— Что там? — раздался голос Шехаги.
Я подошел к нему:
— Как тебе? Лучше?
— Что на улице?
Я сказал коротко, в двух словах.
— Тебе, видать, не нравится.
— Не знаю. Торопятся отчудить свое, словно их завтра тюрьма ждет.
— Со стороны смотришь, потому тебе так и кажется. А был бы вместе с ними, тоже веселился бы.
— Возможно.
— Эта радость доступна всем. Довольно двух-трех тряпок, чтобы перестать быть собой. И маски — никто не видит твоего истинного лица, и ты можешь не стесняться делать любые глупости. Потому что их делают все. Таков мудрый уговор — прочь благоразумие! Все позволено, ничто не безобразно, ничто не грешно. И так поступает не один человек наперекор всем, чтоб выделиться из толпы, а все поголовно. Значит, греха в этом нет и попрека не может быть. Несколько дней и ночей живи как хочешь, отдыхай от всяких пут, запретов, указов, лжи, грубостей, стыда — нет лучшего лекарства для души! Мы так не умеем.
— А потом?
— А потом опять по-прежнему, до нового очищения.

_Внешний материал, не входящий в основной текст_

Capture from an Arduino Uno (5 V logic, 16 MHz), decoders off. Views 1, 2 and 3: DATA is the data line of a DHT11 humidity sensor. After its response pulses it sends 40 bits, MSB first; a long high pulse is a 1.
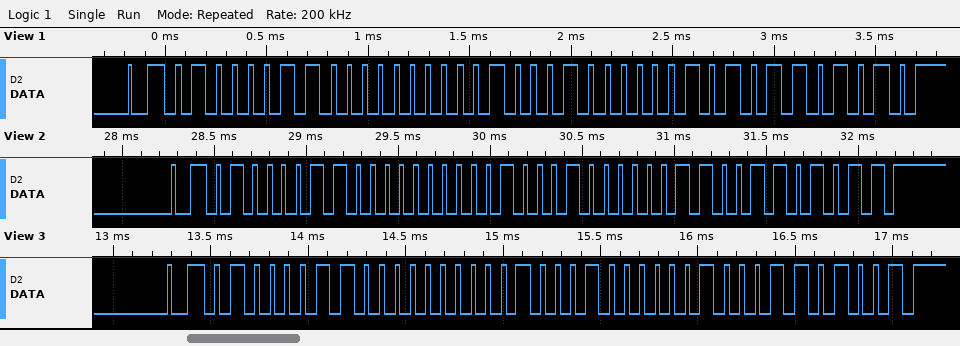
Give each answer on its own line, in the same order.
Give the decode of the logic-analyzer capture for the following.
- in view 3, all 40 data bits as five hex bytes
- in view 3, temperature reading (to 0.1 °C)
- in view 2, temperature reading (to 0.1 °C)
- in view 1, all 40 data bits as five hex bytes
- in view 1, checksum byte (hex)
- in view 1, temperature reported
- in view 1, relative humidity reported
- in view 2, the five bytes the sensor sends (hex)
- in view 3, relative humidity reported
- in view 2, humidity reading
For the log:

Нет, не это его волнует, но спросить не решаюсь.
Я сказал, что отпустил Османа — он пошел играть с греками,— и вручил ему деньги, которые тот мне дал. Шехага не глядя сунул деньги под подушку.

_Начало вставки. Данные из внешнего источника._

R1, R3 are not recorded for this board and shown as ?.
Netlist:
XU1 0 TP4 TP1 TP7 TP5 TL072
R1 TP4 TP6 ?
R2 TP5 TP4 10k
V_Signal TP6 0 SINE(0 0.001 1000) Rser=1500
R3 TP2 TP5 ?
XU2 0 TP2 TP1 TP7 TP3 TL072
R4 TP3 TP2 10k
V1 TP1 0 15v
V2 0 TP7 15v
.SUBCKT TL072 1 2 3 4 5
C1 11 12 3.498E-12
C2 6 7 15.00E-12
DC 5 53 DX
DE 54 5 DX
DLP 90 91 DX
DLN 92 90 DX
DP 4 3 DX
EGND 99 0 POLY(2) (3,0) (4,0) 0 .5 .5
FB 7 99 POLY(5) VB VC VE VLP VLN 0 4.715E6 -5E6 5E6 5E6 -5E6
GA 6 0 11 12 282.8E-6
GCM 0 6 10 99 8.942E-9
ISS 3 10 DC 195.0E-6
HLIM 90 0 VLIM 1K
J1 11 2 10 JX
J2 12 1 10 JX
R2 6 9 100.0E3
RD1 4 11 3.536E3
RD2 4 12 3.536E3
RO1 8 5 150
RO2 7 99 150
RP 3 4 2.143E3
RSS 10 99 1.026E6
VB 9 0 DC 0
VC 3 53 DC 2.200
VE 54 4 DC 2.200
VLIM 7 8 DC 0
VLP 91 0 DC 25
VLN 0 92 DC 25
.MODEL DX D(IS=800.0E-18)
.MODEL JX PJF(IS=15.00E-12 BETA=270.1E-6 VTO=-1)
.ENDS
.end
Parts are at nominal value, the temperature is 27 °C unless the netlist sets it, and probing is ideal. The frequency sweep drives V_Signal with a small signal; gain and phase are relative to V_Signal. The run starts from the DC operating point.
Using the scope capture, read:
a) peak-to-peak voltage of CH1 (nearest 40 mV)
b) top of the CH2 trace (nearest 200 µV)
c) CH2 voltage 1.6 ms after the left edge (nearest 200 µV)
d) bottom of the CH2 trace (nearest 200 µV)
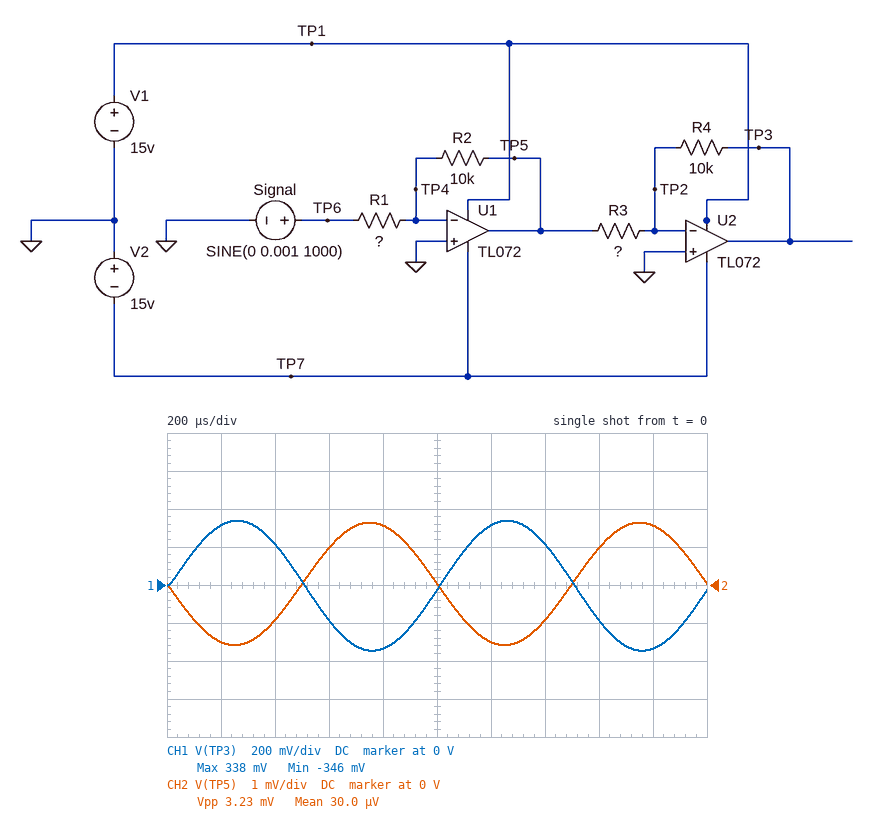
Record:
680 mV
1.6 mV
1.0 mV
-1.6 mV
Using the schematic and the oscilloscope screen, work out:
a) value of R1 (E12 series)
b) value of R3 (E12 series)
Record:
4.7 kΩ
47 Ω
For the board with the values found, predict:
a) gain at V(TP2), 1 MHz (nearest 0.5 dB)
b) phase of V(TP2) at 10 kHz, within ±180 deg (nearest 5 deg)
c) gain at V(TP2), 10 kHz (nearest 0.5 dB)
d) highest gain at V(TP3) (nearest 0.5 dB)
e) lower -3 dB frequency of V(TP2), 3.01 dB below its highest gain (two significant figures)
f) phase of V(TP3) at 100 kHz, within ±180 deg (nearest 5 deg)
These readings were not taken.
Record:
2.5 dB
-125 deg
-1.5 dB
50.5 dB
15 kHz
-85 deg
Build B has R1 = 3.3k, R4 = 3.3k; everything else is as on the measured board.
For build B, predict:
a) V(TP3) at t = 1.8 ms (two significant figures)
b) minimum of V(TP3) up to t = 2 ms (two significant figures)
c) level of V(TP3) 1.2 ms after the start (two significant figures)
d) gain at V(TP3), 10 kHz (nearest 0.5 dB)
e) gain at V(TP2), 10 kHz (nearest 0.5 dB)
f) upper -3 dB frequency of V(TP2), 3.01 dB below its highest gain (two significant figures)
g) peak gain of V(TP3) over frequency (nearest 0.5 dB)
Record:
-140 mV
-150 mV
140 mV
43.0 dB
-7.5 dB
1.5 MHz
43.5 dB
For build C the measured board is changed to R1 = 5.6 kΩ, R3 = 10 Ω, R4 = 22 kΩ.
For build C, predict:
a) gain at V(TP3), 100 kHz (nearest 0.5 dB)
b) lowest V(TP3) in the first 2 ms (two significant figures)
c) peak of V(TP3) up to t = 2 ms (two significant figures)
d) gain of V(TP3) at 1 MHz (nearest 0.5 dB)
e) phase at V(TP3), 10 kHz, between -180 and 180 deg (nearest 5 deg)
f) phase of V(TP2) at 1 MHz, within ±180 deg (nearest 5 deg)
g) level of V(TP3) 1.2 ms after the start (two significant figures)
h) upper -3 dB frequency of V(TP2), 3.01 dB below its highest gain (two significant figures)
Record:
33.5 dB
-2.6 V
2.6 V
12.5 dB
-80 deg
140 deg
1.6 V
1.8 MHz

— Этот пройдоха,— усмехнулся он,— ославит нас на весь мир. Люди будут думать, что мы все такие. Я иной раз завидую его нраву. Ему всюду хорошо.

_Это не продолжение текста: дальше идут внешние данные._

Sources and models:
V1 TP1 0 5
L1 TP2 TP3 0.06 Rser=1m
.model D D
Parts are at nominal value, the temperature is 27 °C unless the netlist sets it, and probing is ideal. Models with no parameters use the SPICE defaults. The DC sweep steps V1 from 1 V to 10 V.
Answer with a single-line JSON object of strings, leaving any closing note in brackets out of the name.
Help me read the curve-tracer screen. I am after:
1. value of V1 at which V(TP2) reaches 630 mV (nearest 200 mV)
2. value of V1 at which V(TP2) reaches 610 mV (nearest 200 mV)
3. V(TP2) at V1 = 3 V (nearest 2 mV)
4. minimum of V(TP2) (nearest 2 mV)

— А я дождаться не могу, когда домой ворочусь.
И тут же понял, что допустил промашку. Не надо было так говорить.
Ничего не ответив, Шехага отвернулся к стене.
Молча я слушал шум карнавала, безобразный визг, обрывки начатых и незаконченных песен, оглушительный хохот, слушал вместе с Шехагой, глядя на его седую голову. Мне было жаль его, и жалость мою усиливало его молчание, за которым скрывалась боль. Но чем помочь?
Когда мы плыли по морю, он любил, когда я рассказывал ему о людях, об их судьбах, грустных и смешных, как это и бывает в жизни. О своих боевых товарищах по Хотину, о других людях, которых мне довелось узнать, о переплетчике Ибрагиме, что сбежал на войну от своих трех жен, а лучше бы ему воевать с ними, чем с русскими; о хаджи Хусейне Пишмише, что укрылся от своих кредиторов на далекой Украине, но оплатил векселя с самыми большими процентами; об Авдаге Супрде, которого убила не война, а груша; о Салихе Голубе и его горьком счастье; о Рабии-ханум и ее поздней любви; о страхе Махмуда и его поносе, о людях и вещах, которые видишь яснее, когда смеешься над ними сквозь слезы.
— Рассказать тебе что-нибудь? — спросил я его.
— Я был здесь с сыном четыре года тому назад,— сказал он неожиданно.— Всю ночь мы провели на улице, в карнавальных масках.
Вырвалось-таки, не удержался.
Я ничего не спрашивал, не издал ни звука, пусть выговорится.
— Восемнадцать лет он был на моих глазах, и я никогда не видел его таким веселым. Я думал, мы будем приезжать сюда каждую зиму. А потом он ушел на войну. Не знаю… я не знаю, почему он ушел. Может, не хотел отстать от товарищей. Не знаю…
Голос у него сухой, напряженный, тихий. Больше он ничего не сказал и снова отвернулся к стене. Я подошел к окну вдохнуть свежего воздуха и прийти в себя. Улица опустела, шум утих, перенесся на другой ее конец. Вдруг я обмер. Что это? Всхлип или тяжелый вздох, оборвавшийся рыданием?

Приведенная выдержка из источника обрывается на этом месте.